Harris County’s 2023 contract with Securus was hailed a win among jail advocates. On the heels of a national movement to eliminate the cost of phone calls from jail, the county agreed to a contract that gives those detained up to four free calls per week and that lowered the per-minute costs of phone calls made beyond that allotment to 2 cents per minute.

But the county still receives payments made on those phone calls from Securus — a minimum of $500,000 per year — and phone calls are not free.

“Phone calls should be free, not almost free,” said Krish Gundu, co-founder of the Texas Jail Project, which advocates for jail inmates across the state.

The contract also guarantees a 10% commission on the revenue earned through inmates’ purchase of premium content, which includes music priced between $1.19-$2.23, a newsstand that costs $5.99 per month, and TV shows that cost 99 cents to $2.99 per episode.

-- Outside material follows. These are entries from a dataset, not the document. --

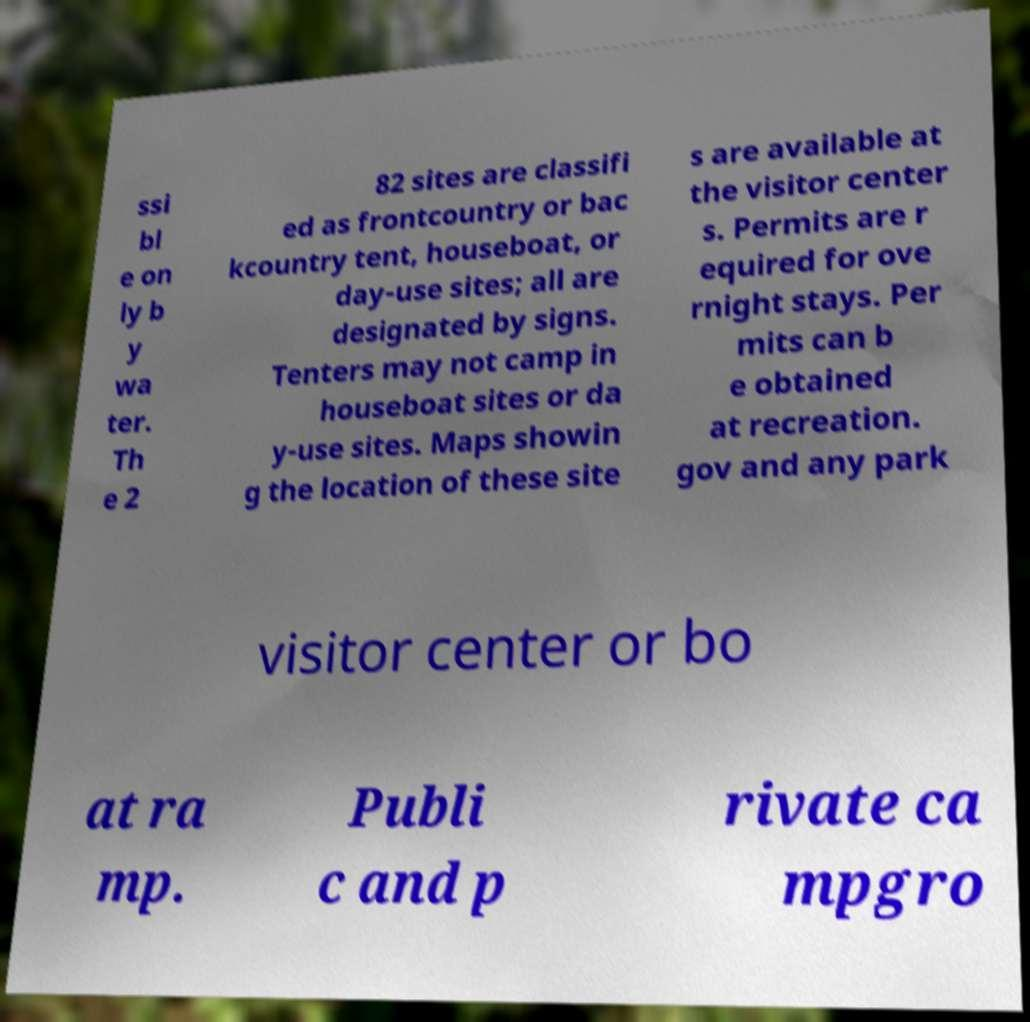Please read and relay the text visible in this image. What does it say? ssi bl e on ly b y wa ter. Th e 2 82 sites are classifi ed as frontcountry or bac kcountry tent, houseboat, or day-use sites; all are designated by signs. Tenters may not camp in houseboat sites or da y-use sites. Maps showin g the location of these site s are available at the visitor center s. Permits are r equired for ove rnight stays. Per mits can b e obtained at recreation. gov and any park visitor center or bo at ra mp. Publi c and p rivate ca mpgro 
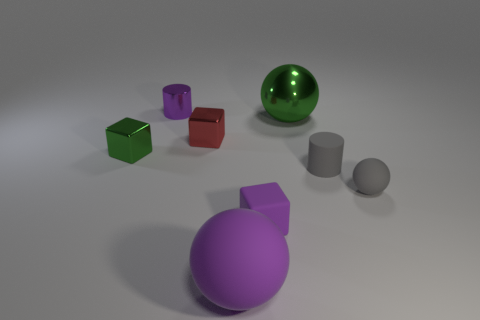What color is the small matte thing that is the same shape as the small red shiny object?
Provide a succinct answer. Purple. What number of other purple things have the same shape as the small purple rubber thing?
Keep it short and to the point. 0. How many objects are either big metal objects or metal cubes that are on the left side of the red metallic cube?
Ensure brevity in your answer.  2. Is the color of the big rubber ball the same as the cylinder to the left of the small purple matte cube?
Provide a short and direct response. Yes. What is the size of the object that is both in front of the gray matte cylinder and to the right of the purple cube?
Keep it short and to the point. Small. Are there any purple rubber blocks on the left side of the small green metallic object?
Your answer should be compact. No. Is there a tiny green metal object that is left of the tiny cylinder in front of the small green block?
Provide a succinct answer. Yes. Are there an equal number of green shiny balls in front of the big green ball and small purple matte cubes behind the purple rubber cube?
Make the answer very short. Yes. The cylinder that is made of the same material as the red block is what color?
Keep it short and to the point. Purple. Is there a big purple ball made of the same material as the gray ball?
Provide a succinct answer. Yes. 
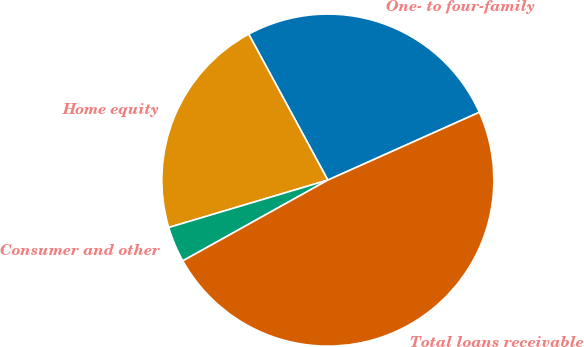Convert chart to OTSL. <chart><loc_0><loc_0><loc_500><loc_500><pie_chart><fcel>One- to four-family<fcel>Home equity<fcel>Consumer and other<fcel>Total loans receivable<nl><fcel>26.21%<fcel>21.7%<fcel>3.48%<fcel>48.61%<nl></chart>

“The companies that are manufacturing and distributing this technology are hellbent on making as much money on incarcerated people and their families as possible,” Bertram said. “Tablets provide a centralized way of doing this.”

The loss of physical mail

Advocates for incarcerated individuals also say that a hidden cost of tablets is the elimination of paper correspondence. The Texas Department of Criminal Justice announced last September that it was moving to a digital mail platform, where all incoming physical paper mail would be scanned and uploaded to the inmate’s tablet, except for legal documents and other privileged mail, which would go directly to the inmate.

Hernandez, the TDCJ spokesperson, said the agency made the change because of an increase in drug-related prison deaths.

“Basically people would soak the paper in fentanyl, K2, meth, and people would smoke the paper,” Hernandez said.

County jails have also followed suit, uploading paper mail to tablets. Advocates for those in prison and jail say the switch to digital mail has been riddled with error. Legal mail has been opened and delayed, said Molly Petchenik, an attorney at the Texas Civil Rights Project, and people miss the physical copies of letters they used to savor.

“Sometimes the legal mail accidentally gets swept up in the scanning process,” Petchenik said.

She said she knows of situations where legal mail has been opened, violating attorney-client privilege. And although the Aventiv spokesperson said privileged calls can be made on the tablet, Petchenik said she doesn't feel confident that those calls are confidential.

Others say the tablets are glitchy and can be hard to use.

“The most common thing we hear about the tablets is how they are broken or they are not working or that we pay for this and we didn’t get that,” Gundu said.

A different model

In the fight to make inmate phone calls free, Dallas County is close.

The county negotiated a contract with Securus in 2020 that dramatically reduced the cost of phone calls, in part by foregoing the millions of dollars it had previously been making through its contract with Securus.

The new contract set a rate of about one cent per minute for phone calls, which at the time was one of the lowest in the country. The county gave up about $3 million in revenue in order to reach that deal.

Reaching that deal was a yearslong battle for Dallas County Judge Clay Jenkins, who believes the county should not take money from inmates and their families.

“When you think about what our job is as a county, it’s not to make money off the relatives of the accused,” Jenkins said. He added that giving inmates a connection to their families helps reduce recidivism, which in turn saves the county money that it would otherwise have to spend on housing that person.

Dallas County was able to recuperate the $3 million it lost from the Securus contract through increased tax revenue, Jenkins said. Dallas is among the fastest growing metropolitan areas in the country.

Dallas County did propose a deal that would recover payment from inmates who damage their tablet, which Jenkins said had been happening on occasion. The money would come from the detained person’s commissary account.

“The hope is that if it’s going to cost you something, you won’t damage it,” Jenkins said.